В три года научился читать, еще раньше – мечтать, чуть позже решил стать «романистом», и, обладая развитым воображением, выдумывал различные истории, иногда пугая самого себя до полусмерти.
Однажды, мама спросила пятилетнего Женю, кем он станет, когда вырастет?
«Я от застенчивости лег на ковер, повалялся у маминых ног и ответил полушепотом: „Романистом“.
В смятении своем я забыл, что существует более простое слово – «писатель».
Но я не сомневался, что буду писателем…
В семь лет мне выписали еженедельный журнал «Светлячок», издаваемый неким Федоровым-Давыдовым.
Он меня не слишком обрадовал.
Был он тоненький.
От номера до номера проходило невыносимо много времени. Неделя в те времена казалась мне бесконечной.

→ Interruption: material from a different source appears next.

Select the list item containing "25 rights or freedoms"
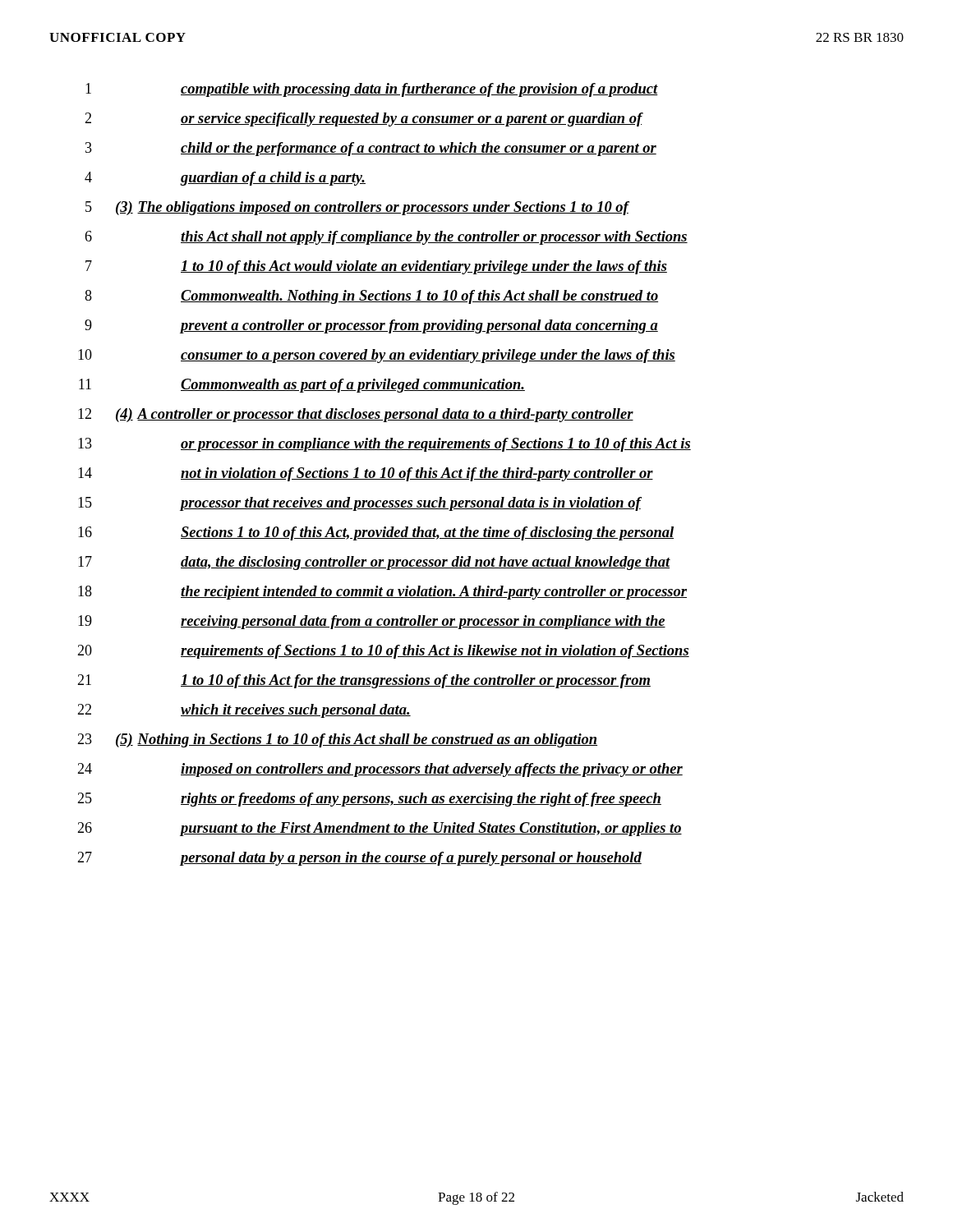953x1232 pixels. (x=476, y=798)

А кроме всего я жил сложно, а журнал был прост».
Конечно, с ребенком, живущим так «сложно», родителям было непросто.
Рассказывают, что были у маленького Жени брючки. Когда он из них вырос, мама, естественно, решила брючки выбросить. Не тут-то было. Будущий писатель возмутился: как же так? Столько лет брючки старались, работали на Женю, бегали вместе с ним на свидания к соседскому петуху, и вот теперь мама их выбрасывает?! Нет, так не по-людски с любимыми вещами не расстаются! И Женя похоронил любимые брючки, а на могиле произнес в качестве прочувствованного слова монолог Отелло над погубленной им, не Женей, а мавром ревнивым, Дездемоной.
Ясно было, что добром подобные истории не кончатся.
Быть беде.
В смысле, быть в семье Шварцев – писателю.
Вот еще один признак нехороший.
Когда родился младший брат Валентин, и мамина любовь естественно переключилась в основном на него, Женя возненавидел братика. Он считал его виновником маминого охлаждения к себе. Из этой ненависти, по мнению многих, и возникло в старшем брате детское желание славы.